[Exercise] Search the records for the word "Зеркальное" and copy each line in which it appears.

[Records from a dataset]
= = = = =

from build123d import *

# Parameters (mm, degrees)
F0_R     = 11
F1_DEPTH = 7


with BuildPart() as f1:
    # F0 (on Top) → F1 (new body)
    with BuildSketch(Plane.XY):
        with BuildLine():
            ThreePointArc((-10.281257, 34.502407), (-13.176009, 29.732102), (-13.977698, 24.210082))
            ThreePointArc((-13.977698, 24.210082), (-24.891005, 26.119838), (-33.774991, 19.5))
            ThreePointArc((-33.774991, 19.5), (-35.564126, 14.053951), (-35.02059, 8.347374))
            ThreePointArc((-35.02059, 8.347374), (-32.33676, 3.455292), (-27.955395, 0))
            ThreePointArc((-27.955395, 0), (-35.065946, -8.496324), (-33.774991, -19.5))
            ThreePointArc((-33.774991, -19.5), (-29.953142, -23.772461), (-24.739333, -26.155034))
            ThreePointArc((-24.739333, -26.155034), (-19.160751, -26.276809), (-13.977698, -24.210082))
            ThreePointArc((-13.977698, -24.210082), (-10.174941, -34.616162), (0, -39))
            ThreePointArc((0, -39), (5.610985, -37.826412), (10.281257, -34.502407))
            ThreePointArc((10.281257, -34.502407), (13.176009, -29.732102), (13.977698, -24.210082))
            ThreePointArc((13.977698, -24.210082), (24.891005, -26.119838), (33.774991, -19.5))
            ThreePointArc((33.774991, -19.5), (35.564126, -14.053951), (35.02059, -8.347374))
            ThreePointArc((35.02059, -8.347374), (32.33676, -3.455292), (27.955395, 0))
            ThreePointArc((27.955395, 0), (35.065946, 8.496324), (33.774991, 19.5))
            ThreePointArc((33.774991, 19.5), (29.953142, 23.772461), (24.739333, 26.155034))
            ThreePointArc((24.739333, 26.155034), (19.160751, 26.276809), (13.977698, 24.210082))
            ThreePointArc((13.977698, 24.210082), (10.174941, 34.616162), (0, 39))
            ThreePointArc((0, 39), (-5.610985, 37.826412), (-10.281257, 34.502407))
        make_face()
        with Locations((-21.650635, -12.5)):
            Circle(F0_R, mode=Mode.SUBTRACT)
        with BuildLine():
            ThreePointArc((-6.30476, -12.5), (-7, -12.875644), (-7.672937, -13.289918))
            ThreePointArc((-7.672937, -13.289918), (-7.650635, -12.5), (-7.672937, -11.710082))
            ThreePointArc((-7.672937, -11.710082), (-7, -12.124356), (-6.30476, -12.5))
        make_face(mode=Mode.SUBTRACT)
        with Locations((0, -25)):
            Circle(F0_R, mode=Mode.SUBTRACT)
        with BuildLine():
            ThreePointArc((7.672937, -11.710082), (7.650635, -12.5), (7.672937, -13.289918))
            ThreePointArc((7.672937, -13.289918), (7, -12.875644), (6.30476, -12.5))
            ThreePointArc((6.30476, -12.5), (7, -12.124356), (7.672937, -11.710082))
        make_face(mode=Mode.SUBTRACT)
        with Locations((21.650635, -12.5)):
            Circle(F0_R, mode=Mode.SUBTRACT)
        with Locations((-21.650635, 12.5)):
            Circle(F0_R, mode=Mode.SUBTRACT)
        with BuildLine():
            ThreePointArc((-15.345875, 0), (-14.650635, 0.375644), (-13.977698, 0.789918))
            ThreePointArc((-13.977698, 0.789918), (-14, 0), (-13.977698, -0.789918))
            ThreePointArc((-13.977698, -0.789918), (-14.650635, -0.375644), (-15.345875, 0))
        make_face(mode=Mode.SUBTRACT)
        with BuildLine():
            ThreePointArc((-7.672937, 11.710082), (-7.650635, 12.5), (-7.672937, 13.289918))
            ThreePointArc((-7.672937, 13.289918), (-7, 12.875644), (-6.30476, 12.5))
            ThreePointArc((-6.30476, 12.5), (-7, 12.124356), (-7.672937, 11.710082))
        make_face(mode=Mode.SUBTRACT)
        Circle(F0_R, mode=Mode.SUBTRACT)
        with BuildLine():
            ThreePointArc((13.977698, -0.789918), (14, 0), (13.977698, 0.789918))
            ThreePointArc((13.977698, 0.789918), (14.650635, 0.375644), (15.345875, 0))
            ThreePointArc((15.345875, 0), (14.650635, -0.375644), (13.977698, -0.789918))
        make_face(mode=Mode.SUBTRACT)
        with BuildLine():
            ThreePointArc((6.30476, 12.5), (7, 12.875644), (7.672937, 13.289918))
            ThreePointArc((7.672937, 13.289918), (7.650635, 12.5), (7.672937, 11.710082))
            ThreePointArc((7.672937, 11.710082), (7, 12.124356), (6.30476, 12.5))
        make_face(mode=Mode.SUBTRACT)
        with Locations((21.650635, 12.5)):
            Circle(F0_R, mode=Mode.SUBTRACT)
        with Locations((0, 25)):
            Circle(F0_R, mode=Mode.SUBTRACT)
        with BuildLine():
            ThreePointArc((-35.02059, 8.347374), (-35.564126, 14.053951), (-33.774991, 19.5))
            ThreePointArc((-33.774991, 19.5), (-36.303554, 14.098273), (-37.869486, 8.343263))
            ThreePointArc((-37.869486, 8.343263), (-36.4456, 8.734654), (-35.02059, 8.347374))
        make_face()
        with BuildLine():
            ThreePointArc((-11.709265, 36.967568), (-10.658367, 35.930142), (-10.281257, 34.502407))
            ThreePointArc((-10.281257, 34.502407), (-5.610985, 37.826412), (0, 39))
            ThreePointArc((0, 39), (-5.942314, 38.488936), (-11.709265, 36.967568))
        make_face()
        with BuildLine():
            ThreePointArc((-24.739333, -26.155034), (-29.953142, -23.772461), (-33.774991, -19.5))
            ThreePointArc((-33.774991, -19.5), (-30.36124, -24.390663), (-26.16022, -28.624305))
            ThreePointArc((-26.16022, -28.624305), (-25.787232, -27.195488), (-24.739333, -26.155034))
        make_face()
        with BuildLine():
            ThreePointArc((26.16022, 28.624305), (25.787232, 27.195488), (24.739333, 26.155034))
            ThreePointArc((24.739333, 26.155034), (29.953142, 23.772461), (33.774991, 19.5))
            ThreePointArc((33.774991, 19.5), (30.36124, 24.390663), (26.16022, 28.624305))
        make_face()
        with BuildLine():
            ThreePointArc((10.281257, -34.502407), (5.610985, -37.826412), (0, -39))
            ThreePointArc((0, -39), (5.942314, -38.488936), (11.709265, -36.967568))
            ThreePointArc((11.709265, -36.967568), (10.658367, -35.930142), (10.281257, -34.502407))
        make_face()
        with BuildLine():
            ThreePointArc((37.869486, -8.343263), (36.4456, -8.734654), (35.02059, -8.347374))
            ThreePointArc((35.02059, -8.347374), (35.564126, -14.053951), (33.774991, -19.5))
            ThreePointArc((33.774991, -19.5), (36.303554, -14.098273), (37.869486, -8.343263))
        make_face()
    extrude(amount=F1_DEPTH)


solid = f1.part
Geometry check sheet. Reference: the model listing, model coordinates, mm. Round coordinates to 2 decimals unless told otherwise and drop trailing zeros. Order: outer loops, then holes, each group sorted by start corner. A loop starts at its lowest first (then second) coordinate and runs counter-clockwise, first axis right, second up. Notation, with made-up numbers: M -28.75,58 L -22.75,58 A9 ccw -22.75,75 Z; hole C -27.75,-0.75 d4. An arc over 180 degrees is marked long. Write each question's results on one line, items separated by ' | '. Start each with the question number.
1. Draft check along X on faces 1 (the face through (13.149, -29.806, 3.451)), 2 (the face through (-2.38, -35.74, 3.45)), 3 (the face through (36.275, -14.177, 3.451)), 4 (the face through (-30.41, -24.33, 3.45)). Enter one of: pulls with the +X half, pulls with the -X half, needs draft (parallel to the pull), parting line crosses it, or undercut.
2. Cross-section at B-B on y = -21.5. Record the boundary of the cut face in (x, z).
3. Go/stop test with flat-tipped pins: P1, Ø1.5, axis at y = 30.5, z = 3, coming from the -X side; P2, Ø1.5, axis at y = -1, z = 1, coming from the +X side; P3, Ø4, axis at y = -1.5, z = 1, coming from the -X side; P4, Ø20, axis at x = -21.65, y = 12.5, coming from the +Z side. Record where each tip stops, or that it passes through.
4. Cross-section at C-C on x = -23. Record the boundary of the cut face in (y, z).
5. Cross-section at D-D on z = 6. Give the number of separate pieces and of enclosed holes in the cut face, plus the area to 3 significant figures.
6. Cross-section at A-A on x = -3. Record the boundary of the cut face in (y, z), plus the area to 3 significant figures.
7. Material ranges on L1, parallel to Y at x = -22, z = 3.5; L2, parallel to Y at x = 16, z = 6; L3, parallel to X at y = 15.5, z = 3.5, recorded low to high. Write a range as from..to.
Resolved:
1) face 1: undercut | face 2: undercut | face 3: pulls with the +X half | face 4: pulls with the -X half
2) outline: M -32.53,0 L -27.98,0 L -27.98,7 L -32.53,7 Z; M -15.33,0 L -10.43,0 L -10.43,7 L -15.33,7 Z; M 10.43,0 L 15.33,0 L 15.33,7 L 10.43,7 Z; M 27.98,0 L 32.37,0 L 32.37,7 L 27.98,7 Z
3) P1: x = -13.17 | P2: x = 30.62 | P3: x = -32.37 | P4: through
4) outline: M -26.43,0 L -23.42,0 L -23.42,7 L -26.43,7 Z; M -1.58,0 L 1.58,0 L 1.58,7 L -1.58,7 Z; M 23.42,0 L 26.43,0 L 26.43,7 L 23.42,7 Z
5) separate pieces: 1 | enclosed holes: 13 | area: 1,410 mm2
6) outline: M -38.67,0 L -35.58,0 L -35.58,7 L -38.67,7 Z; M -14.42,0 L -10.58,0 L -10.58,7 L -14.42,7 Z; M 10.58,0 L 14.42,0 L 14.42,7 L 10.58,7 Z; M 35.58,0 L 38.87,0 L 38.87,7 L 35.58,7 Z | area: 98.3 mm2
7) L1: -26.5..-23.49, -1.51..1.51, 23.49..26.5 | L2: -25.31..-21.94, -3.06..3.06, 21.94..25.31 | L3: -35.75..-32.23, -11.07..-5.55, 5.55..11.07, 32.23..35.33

= = = = =

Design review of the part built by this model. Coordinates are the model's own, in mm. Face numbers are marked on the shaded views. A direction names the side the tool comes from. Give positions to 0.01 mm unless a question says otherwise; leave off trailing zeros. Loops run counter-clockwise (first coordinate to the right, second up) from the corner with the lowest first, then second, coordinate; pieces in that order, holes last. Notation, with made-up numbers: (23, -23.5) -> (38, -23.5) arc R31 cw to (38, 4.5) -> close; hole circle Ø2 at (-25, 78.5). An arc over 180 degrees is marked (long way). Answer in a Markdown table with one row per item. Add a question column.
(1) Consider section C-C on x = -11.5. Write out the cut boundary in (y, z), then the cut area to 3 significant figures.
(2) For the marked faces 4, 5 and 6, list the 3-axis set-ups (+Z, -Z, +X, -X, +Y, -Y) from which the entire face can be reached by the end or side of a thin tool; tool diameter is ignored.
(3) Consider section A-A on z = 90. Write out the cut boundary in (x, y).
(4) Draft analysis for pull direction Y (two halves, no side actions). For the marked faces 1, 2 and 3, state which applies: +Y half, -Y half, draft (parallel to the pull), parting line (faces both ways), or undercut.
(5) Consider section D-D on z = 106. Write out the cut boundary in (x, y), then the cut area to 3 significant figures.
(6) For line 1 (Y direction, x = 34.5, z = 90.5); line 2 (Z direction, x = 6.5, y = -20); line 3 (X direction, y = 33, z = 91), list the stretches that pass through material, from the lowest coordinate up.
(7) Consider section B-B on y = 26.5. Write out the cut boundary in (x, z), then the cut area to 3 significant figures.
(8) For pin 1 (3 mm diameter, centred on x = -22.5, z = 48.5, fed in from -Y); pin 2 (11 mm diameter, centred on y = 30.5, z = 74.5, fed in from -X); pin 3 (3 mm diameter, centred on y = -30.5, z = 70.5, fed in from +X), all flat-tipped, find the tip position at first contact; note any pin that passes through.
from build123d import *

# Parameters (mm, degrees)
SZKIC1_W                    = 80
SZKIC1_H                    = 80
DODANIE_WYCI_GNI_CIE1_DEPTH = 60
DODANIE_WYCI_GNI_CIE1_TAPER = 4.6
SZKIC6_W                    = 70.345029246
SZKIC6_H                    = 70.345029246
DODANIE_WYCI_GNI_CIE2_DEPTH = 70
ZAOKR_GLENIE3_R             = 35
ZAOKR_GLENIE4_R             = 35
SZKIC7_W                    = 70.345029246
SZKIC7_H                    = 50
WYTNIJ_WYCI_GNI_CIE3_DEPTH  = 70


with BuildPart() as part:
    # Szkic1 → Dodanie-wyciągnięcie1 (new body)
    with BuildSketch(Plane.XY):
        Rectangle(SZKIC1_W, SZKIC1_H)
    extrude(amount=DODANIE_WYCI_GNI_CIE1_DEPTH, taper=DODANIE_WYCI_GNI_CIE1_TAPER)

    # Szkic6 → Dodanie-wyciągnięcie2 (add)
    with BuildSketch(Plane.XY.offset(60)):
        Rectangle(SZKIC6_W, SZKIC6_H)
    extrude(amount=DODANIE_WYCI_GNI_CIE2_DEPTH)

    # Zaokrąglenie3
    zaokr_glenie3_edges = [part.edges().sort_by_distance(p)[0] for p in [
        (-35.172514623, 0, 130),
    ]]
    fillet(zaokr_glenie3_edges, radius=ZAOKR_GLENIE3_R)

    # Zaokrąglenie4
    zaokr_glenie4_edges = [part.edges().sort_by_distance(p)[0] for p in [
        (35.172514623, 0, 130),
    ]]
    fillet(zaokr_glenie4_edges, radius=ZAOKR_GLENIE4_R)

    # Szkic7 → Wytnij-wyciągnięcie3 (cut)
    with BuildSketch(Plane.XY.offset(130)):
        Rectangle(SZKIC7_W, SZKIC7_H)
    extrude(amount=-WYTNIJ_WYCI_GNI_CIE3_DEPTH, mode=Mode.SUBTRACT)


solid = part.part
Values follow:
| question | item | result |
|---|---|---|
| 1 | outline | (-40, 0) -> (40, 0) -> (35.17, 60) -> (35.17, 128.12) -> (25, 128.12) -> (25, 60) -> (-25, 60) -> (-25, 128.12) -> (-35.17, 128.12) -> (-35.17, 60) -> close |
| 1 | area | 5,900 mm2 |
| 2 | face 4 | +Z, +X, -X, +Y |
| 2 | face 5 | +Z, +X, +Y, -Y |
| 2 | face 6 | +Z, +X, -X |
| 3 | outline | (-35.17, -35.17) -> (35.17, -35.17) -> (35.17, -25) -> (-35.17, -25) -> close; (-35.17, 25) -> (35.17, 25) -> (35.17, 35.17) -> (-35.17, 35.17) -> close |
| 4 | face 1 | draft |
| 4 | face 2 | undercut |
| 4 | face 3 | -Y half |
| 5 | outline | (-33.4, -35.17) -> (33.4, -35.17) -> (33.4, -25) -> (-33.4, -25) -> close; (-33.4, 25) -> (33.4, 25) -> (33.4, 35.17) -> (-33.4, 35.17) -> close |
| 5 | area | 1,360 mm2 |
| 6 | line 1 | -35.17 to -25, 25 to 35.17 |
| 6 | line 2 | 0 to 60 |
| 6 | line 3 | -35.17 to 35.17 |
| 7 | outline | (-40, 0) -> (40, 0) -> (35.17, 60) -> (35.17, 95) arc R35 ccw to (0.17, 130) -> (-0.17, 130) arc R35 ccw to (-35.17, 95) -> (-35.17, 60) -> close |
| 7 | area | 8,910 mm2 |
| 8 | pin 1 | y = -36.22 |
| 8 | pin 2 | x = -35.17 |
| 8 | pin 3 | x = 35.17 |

= = = = =

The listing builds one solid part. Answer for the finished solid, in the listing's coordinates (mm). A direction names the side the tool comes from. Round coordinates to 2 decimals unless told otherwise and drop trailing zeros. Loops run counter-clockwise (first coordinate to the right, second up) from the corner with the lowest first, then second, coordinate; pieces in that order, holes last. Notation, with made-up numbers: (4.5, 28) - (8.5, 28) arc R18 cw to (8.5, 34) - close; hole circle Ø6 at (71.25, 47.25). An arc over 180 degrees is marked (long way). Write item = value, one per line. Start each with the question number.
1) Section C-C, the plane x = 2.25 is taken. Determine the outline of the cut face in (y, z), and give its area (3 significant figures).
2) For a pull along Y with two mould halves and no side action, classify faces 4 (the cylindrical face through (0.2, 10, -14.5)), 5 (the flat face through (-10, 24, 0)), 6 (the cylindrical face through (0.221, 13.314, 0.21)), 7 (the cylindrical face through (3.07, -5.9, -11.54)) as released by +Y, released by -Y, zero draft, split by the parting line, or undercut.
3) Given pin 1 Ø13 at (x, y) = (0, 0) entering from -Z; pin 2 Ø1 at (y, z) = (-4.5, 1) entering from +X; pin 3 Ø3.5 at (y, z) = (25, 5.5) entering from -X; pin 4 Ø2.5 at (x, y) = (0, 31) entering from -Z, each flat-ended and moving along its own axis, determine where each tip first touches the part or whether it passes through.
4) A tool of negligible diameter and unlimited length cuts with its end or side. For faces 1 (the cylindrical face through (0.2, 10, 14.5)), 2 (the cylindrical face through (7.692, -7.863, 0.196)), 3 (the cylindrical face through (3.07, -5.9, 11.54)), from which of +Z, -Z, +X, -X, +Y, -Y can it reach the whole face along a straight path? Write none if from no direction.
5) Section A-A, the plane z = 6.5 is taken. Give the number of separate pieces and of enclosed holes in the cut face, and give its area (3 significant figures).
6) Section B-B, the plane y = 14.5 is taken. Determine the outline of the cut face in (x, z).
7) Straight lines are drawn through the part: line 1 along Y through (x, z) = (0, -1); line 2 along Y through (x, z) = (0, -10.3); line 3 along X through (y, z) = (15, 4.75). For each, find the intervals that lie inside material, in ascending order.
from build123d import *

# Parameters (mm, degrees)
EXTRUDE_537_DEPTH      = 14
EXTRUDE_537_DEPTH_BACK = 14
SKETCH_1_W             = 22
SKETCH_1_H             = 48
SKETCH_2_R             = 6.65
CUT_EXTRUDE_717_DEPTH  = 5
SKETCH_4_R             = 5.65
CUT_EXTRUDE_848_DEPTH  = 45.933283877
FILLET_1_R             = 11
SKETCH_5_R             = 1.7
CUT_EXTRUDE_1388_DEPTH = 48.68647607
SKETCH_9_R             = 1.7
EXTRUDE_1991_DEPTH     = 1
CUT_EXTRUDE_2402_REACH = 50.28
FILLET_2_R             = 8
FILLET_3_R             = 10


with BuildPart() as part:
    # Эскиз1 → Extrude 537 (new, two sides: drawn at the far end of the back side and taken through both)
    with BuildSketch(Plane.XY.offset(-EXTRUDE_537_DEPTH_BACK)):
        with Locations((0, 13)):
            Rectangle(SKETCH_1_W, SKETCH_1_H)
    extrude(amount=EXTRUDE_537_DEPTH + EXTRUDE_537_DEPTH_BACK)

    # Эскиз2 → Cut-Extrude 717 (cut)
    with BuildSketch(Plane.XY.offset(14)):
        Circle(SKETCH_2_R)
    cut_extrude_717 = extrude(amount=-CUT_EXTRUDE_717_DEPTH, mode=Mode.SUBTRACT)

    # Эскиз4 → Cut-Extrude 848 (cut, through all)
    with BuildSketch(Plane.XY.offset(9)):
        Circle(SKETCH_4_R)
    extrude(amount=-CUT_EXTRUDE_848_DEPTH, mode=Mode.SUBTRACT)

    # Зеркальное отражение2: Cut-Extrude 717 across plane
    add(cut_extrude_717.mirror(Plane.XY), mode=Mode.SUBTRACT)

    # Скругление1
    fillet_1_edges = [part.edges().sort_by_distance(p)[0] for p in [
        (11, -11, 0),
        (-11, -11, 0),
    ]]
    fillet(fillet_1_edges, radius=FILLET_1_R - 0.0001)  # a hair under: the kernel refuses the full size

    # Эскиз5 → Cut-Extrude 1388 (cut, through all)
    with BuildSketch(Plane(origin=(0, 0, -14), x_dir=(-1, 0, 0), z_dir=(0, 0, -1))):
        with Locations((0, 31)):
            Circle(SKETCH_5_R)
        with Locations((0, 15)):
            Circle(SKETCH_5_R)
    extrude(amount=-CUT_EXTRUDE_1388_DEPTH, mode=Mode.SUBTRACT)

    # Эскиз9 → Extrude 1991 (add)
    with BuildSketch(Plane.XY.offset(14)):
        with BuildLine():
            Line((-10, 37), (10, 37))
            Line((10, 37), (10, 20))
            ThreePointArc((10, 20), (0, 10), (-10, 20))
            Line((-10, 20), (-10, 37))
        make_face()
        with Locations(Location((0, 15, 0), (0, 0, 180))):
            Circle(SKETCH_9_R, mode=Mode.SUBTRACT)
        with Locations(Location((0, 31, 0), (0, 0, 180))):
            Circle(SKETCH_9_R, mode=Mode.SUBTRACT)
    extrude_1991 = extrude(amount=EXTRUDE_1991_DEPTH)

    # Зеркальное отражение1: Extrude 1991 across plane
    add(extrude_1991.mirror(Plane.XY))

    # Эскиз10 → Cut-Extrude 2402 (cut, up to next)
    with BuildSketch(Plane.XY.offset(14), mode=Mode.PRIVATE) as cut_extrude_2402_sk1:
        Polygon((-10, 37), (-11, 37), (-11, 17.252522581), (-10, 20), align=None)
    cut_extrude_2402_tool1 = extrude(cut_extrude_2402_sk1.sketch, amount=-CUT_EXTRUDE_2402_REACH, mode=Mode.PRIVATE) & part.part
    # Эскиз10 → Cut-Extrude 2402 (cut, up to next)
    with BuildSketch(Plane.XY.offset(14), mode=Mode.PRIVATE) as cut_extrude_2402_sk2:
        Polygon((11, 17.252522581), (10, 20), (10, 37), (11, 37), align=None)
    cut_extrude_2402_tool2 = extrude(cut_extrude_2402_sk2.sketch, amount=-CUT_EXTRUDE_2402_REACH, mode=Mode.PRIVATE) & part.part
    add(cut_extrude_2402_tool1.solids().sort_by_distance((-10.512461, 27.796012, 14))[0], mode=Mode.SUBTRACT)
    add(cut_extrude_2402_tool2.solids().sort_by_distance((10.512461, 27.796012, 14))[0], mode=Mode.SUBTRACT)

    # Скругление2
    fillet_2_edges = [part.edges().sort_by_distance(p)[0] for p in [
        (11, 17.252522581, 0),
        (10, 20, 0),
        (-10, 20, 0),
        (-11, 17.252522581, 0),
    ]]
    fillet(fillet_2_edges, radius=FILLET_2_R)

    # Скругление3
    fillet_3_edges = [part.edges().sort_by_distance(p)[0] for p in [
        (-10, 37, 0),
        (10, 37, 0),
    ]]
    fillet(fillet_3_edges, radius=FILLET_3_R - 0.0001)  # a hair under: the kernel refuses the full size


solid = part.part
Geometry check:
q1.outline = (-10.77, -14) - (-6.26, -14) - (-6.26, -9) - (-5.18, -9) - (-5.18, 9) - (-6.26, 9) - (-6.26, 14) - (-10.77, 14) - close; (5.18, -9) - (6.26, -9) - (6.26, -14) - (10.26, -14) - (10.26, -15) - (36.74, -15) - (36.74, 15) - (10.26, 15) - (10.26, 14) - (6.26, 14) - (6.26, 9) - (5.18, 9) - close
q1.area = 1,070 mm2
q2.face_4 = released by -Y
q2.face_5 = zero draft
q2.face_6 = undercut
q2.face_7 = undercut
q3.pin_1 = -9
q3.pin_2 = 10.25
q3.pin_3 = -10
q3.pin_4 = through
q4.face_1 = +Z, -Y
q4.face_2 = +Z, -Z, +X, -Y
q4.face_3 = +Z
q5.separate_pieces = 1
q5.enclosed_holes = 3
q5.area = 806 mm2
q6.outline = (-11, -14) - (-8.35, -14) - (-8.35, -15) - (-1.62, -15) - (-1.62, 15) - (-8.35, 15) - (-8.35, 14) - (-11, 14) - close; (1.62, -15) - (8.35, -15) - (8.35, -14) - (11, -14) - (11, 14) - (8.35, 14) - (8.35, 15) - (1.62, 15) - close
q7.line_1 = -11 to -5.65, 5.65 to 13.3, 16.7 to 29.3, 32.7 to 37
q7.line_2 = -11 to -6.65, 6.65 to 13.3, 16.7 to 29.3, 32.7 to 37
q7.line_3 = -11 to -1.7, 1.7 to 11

= = = = =

[Answer to this task]
    # Зеркальное отражение2: Cut-Extrude 717 across plane
    # Зеркальное отражение1: Extrude 1991 across plane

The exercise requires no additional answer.